Your answer should be a single number: how many lines in the data below hold the string "agent".

Segment Open

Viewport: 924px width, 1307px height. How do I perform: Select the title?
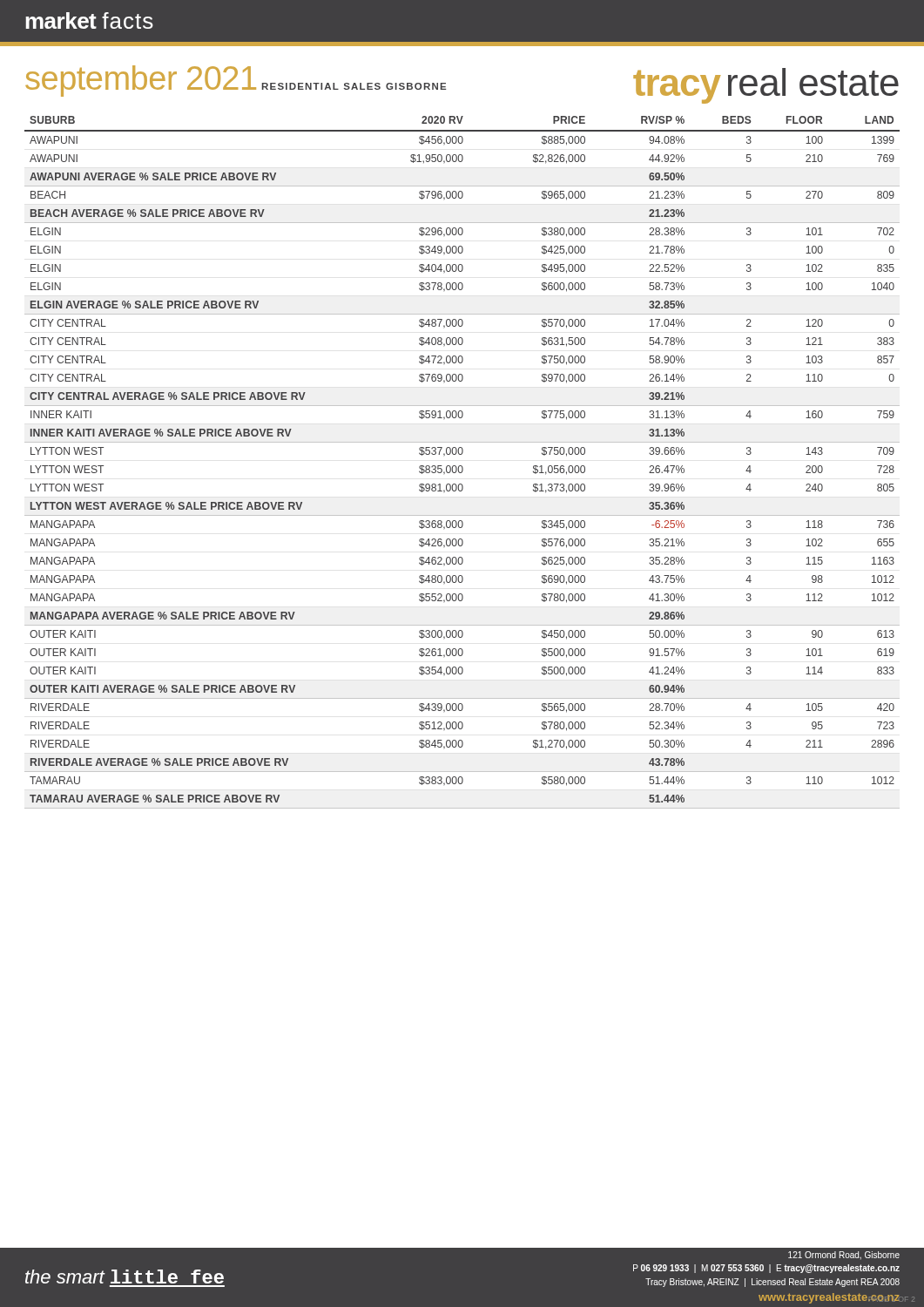point(141,78)
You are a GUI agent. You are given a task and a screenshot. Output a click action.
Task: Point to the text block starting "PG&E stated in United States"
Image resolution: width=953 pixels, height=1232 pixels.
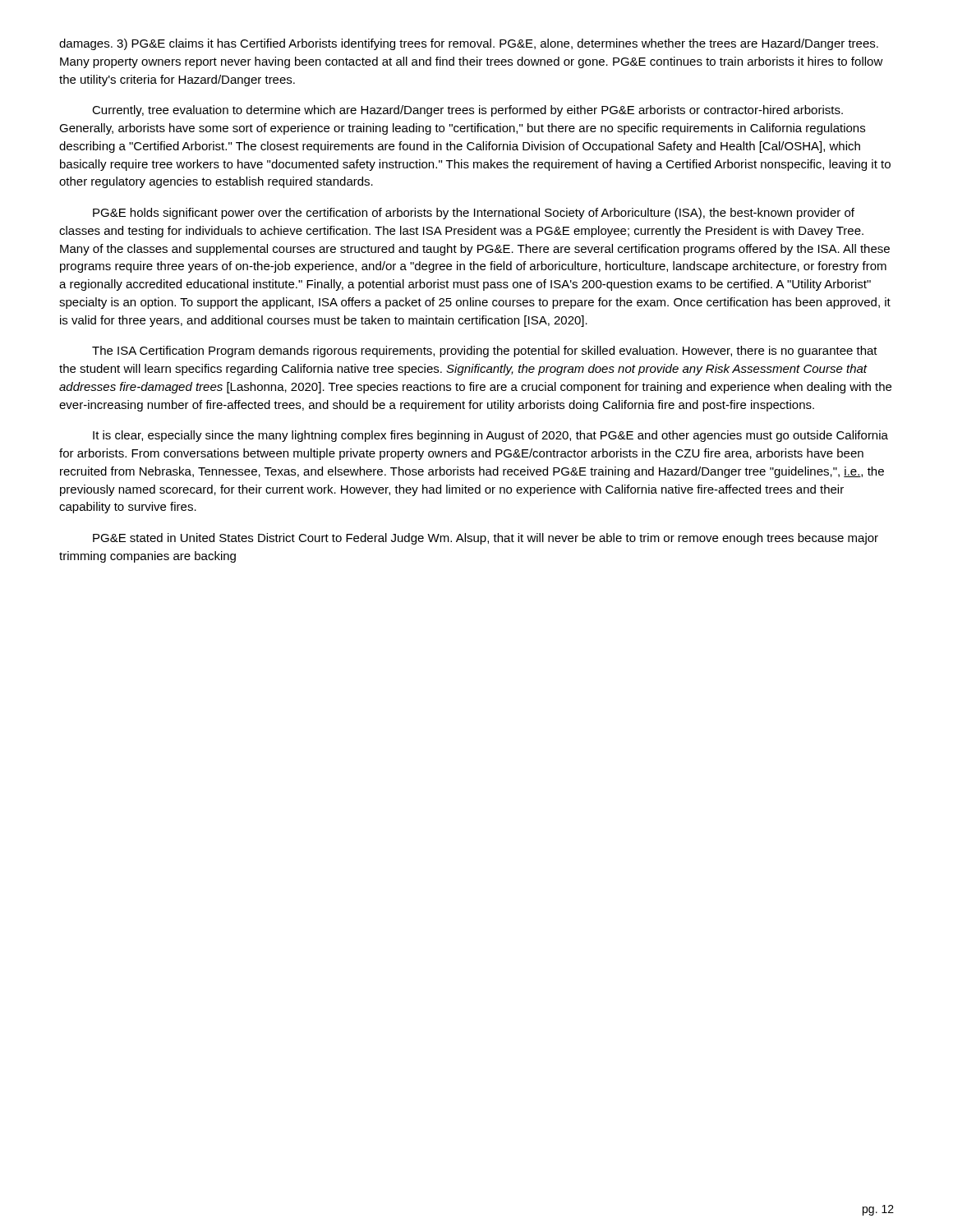pyautogui.click(x=476, y=547)
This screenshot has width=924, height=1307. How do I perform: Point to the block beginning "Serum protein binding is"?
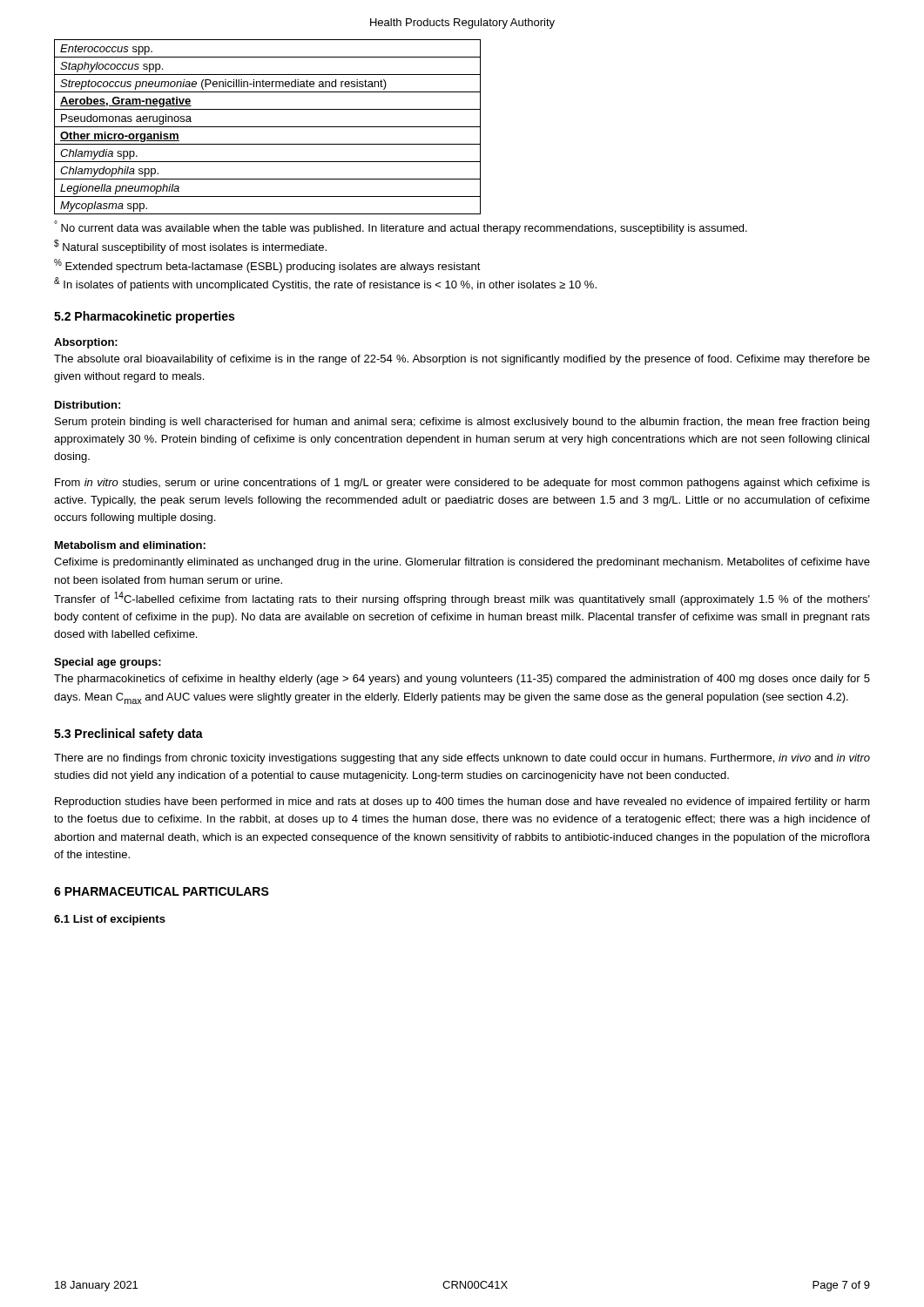(462, 438)
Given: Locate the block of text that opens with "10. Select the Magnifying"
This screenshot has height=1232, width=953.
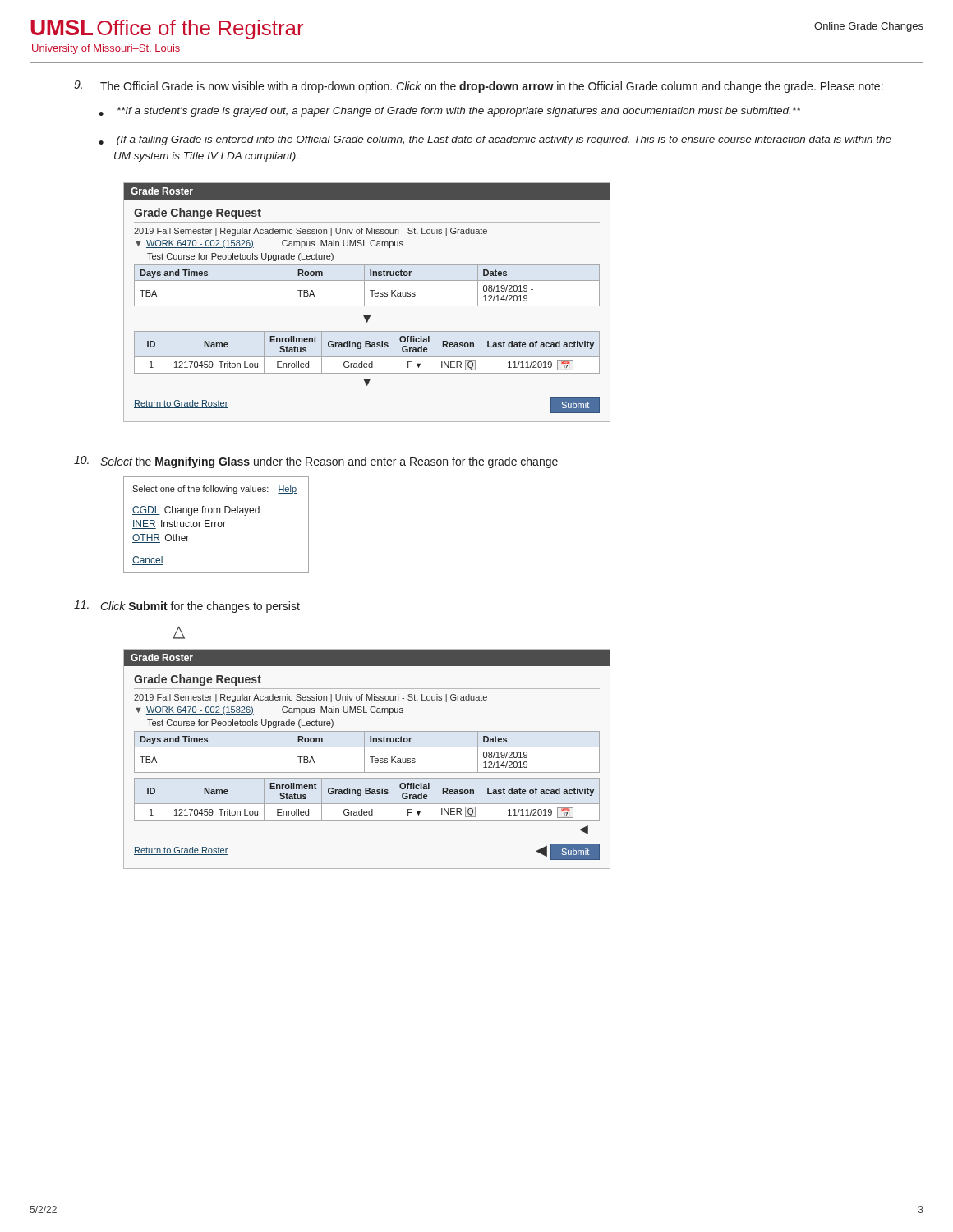Looking at the screenshot, I should [316, 461].
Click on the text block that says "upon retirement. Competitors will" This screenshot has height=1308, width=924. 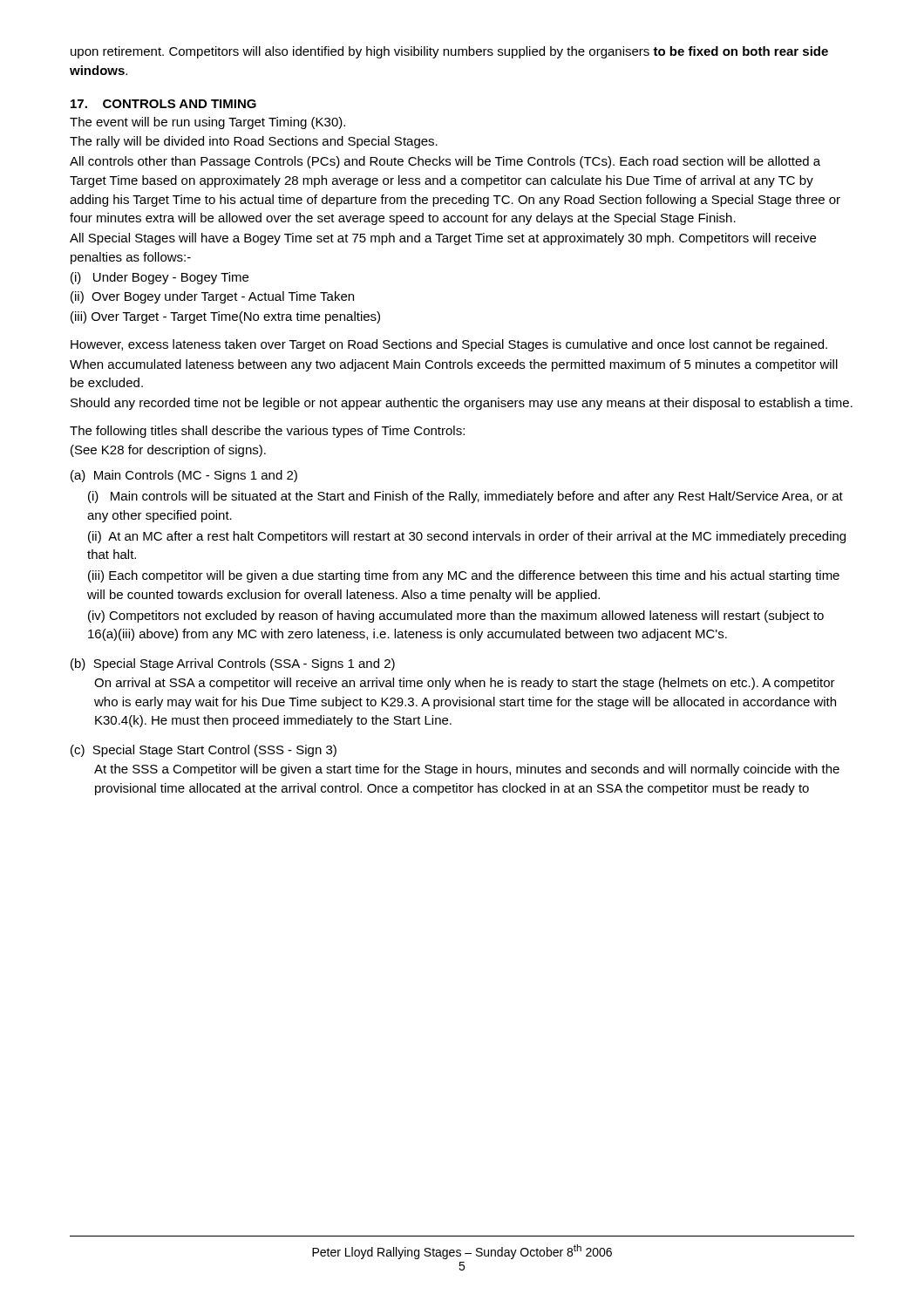tap(449, 60)
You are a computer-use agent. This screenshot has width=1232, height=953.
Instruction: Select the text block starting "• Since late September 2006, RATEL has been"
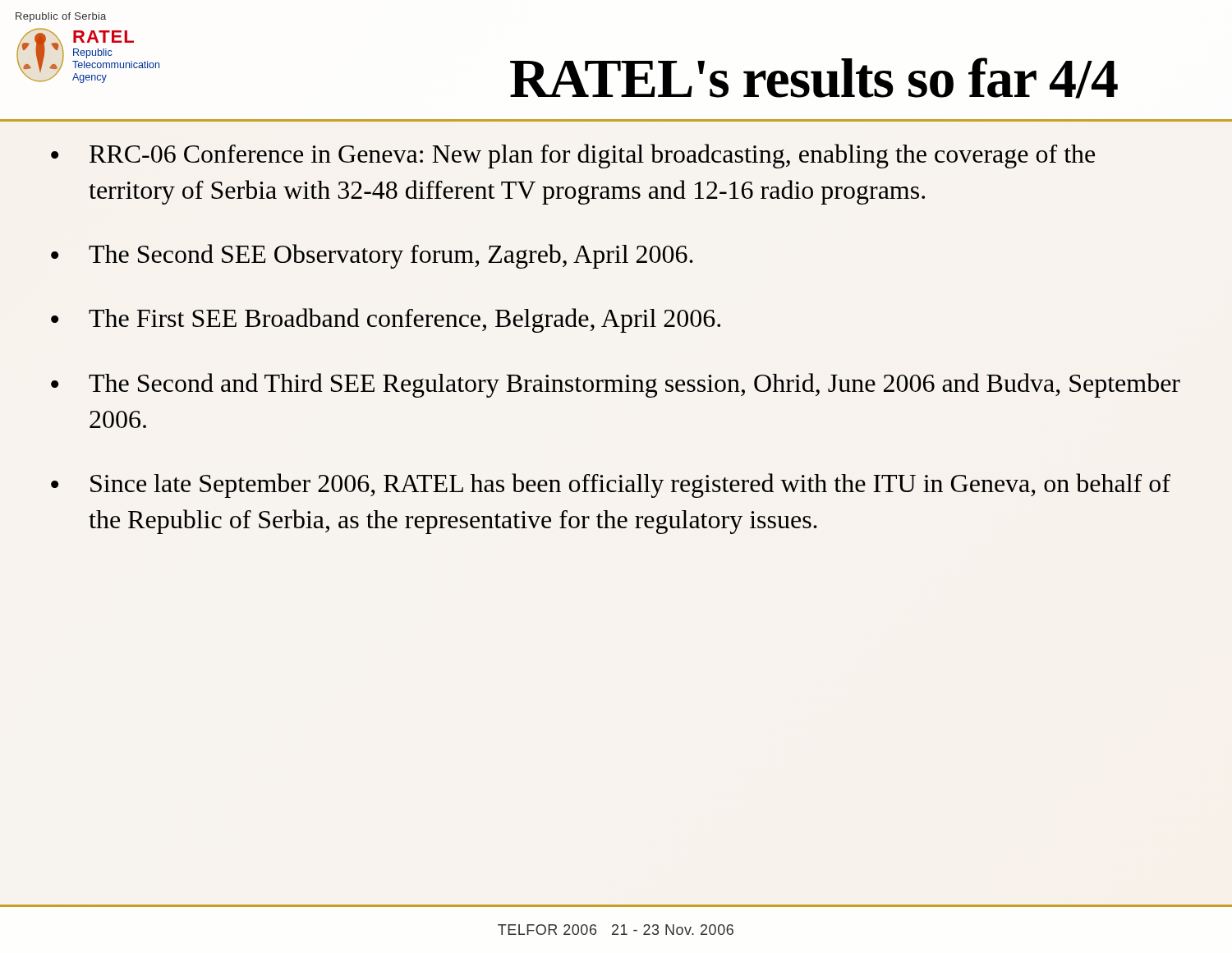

Segment Closed

**Answer to the problem**
2